In the material below, the required lines run from the one containing "Give a very brief answer. Yes." through the one containing "on secondary education in 1976?". Copy those lines exactly, ends included, and nothing else.

■ Supplied data:
◇ ◇ ◇ ◇ ◇ ◇ ◇

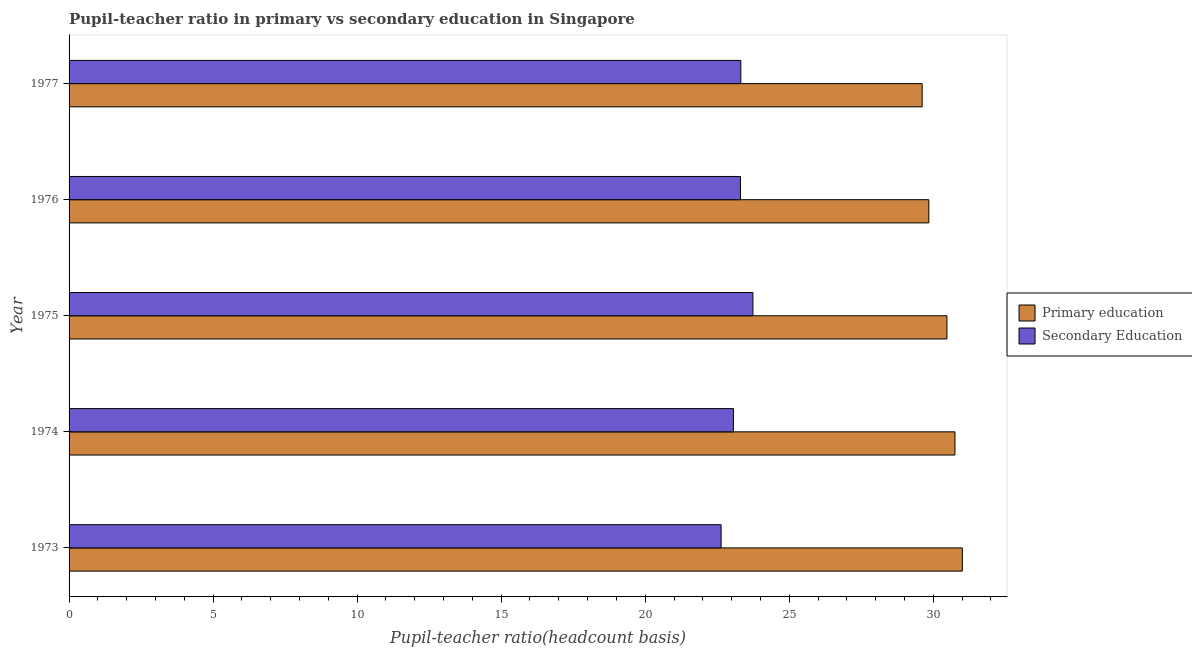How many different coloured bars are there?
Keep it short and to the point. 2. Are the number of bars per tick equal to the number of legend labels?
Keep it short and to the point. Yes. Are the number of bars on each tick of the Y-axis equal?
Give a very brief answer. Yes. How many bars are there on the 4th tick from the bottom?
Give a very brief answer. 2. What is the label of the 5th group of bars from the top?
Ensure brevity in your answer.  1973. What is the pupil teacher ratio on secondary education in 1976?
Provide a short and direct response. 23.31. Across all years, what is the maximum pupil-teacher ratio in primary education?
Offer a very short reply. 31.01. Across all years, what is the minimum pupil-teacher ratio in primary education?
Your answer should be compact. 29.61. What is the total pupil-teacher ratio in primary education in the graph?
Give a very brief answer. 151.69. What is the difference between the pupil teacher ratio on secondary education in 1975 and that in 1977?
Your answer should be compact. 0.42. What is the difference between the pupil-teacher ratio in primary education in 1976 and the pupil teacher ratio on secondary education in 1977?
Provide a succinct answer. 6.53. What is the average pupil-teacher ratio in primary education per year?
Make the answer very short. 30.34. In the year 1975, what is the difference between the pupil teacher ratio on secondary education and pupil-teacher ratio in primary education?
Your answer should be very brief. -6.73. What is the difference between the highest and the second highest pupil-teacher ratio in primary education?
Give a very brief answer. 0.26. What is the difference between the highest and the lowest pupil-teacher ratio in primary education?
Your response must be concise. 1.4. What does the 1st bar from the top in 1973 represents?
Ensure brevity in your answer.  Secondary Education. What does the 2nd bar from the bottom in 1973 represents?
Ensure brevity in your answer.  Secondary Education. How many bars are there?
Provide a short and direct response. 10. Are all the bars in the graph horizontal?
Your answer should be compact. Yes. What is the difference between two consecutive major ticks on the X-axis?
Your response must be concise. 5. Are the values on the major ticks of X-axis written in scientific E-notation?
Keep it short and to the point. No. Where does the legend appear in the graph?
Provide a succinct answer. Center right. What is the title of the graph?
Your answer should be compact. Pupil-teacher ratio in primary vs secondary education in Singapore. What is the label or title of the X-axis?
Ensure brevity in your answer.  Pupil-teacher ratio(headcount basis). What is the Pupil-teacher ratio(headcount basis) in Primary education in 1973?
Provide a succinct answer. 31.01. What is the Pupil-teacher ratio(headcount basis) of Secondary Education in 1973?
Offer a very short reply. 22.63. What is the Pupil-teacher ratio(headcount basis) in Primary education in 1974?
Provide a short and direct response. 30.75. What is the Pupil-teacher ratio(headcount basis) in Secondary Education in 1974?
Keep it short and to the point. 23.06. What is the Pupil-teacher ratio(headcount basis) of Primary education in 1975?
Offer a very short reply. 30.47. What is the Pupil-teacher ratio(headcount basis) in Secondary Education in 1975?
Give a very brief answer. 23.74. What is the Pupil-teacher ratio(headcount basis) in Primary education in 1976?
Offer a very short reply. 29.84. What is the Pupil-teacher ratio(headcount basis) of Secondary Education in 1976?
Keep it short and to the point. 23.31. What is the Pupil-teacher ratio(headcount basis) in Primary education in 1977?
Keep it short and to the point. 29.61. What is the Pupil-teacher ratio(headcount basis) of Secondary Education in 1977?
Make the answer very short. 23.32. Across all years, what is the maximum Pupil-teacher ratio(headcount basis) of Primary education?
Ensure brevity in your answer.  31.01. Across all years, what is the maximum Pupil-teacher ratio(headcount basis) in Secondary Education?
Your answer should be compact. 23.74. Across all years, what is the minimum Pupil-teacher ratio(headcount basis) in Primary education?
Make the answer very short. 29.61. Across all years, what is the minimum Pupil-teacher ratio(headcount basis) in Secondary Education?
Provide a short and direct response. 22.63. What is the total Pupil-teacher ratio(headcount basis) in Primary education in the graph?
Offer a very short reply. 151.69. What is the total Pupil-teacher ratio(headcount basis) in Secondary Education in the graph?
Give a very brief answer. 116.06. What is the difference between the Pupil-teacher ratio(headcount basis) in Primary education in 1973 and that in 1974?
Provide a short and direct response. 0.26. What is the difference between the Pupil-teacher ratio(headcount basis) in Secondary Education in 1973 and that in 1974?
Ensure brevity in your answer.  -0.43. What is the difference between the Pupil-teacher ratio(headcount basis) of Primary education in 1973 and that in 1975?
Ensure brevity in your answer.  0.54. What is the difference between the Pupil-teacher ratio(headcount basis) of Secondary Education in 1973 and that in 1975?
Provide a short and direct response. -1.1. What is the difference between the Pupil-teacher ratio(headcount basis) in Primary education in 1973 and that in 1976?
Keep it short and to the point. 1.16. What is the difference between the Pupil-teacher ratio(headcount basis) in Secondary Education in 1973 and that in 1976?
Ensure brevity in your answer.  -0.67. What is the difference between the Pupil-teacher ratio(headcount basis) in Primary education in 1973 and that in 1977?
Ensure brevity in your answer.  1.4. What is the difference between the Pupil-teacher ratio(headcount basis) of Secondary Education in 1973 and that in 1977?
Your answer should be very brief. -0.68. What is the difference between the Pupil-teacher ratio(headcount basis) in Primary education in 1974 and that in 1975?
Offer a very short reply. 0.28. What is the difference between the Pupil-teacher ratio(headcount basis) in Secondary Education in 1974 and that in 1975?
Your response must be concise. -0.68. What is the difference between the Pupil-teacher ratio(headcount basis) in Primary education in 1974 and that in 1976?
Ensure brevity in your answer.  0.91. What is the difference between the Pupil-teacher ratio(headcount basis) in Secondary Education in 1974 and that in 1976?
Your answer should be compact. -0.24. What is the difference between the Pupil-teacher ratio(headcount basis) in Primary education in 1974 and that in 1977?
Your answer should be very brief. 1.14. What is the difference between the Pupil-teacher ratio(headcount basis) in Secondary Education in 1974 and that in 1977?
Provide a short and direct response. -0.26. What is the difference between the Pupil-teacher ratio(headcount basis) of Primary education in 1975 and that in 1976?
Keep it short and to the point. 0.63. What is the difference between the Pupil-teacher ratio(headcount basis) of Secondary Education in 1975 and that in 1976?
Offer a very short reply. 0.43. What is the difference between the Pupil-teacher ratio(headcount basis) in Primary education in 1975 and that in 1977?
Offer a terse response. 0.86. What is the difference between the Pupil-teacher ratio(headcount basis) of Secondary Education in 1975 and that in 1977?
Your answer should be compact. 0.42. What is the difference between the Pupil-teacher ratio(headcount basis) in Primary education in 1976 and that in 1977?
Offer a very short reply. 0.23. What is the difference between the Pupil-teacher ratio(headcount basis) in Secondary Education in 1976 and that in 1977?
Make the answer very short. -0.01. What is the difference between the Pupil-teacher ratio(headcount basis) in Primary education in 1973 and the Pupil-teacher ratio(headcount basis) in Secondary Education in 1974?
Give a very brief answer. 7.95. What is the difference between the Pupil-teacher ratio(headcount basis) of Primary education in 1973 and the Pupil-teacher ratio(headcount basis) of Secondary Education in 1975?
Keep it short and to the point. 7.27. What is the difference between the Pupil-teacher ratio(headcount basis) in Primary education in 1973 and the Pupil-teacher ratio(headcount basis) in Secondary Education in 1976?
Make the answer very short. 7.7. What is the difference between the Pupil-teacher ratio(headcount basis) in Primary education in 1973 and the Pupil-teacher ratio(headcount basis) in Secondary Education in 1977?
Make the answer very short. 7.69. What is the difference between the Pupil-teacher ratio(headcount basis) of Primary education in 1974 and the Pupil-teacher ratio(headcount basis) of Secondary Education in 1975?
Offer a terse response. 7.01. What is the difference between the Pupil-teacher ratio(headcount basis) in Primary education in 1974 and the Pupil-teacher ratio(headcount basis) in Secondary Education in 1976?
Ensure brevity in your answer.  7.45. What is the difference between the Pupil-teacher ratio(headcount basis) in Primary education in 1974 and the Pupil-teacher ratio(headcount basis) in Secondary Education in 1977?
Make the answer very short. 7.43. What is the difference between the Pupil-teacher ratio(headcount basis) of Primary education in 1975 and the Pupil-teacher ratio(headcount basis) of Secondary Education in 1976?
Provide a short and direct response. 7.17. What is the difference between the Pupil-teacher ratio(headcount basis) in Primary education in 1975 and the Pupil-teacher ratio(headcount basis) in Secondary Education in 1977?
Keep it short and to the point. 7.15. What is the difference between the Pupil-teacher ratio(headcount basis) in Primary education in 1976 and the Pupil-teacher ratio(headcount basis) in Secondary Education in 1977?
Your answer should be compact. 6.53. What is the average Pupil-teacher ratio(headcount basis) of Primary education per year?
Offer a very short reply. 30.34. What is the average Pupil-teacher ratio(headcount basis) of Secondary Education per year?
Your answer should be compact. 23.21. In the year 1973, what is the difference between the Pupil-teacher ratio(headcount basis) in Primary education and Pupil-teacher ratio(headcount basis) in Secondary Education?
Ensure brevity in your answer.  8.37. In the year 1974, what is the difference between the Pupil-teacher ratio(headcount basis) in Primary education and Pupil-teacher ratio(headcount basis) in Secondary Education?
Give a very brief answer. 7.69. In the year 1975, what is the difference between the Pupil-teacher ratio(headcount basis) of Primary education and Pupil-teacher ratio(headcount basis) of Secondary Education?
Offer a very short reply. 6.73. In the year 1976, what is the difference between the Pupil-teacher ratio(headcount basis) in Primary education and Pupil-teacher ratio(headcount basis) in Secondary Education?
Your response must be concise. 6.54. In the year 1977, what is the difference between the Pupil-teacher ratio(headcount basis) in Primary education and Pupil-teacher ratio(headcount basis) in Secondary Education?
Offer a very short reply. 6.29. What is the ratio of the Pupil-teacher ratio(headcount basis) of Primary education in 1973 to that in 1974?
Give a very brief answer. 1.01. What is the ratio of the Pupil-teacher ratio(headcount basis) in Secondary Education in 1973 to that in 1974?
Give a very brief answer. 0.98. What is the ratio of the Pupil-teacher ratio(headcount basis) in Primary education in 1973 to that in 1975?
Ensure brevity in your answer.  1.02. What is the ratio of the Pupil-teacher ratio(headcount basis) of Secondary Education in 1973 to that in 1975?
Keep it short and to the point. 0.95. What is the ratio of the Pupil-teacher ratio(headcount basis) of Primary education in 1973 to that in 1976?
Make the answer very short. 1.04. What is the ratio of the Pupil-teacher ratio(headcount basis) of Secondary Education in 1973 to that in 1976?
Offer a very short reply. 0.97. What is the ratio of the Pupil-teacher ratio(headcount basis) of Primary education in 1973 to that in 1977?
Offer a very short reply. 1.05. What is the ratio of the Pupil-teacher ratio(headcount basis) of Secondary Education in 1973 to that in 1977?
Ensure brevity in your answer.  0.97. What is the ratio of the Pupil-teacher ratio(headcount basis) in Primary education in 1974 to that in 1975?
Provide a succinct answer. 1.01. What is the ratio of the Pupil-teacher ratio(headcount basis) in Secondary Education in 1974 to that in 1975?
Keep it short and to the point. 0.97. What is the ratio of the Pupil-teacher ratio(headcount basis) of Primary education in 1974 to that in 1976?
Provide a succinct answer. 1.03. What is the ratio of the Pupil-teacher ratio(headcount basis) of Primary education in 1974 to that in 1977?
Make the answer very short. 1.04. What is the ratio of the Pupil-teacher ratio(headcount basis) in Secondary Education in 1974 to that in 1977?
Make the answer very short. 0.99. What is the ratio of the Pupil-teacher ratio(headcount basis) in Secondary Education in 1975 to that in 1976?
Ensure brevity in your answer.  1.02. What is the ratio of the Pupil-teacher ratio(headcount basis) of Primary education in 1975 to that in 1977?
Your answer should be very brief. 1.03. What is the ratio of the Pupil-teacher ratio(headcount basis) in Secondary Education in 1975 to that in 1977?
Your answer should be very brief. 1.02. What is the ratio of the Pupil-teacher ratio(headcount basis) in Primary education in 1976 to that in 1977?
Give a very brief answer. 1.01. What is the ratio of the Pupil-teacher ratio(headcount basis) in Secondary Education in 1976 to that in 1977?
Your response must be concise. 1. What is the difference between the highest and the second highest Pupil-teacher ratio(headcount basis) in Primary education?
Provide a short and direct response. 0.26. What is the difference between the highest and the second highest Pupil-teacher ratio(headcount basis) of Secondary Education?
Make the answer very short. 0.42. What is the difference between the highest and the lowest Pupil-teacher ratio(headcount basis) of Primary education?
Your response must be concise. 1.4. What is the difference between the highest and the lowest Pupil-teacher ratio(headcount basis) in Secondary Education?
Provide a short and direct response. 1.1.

◇ ◇ ◇ ◇ ◇ ◇ ◇

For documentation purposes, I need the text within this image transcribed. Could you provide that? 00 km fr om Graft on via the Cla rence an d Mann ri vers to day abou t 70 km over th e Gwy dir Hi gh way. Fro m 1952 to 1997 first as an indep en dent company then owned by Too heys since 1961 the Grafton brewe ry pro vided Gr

◇ ◇ ◇ ◇ ◇ ◇ ◇

■ Answer for the task:
Give a very brief answer. Yes. How many bars are there on the 4th tick from the bottom?
Give a very brief answer. 2. What is the label of the 5th group of bars from the top?
Ensure brevity in your answer.  1973. What is the pupil teacher ratio on secondary education in 1976?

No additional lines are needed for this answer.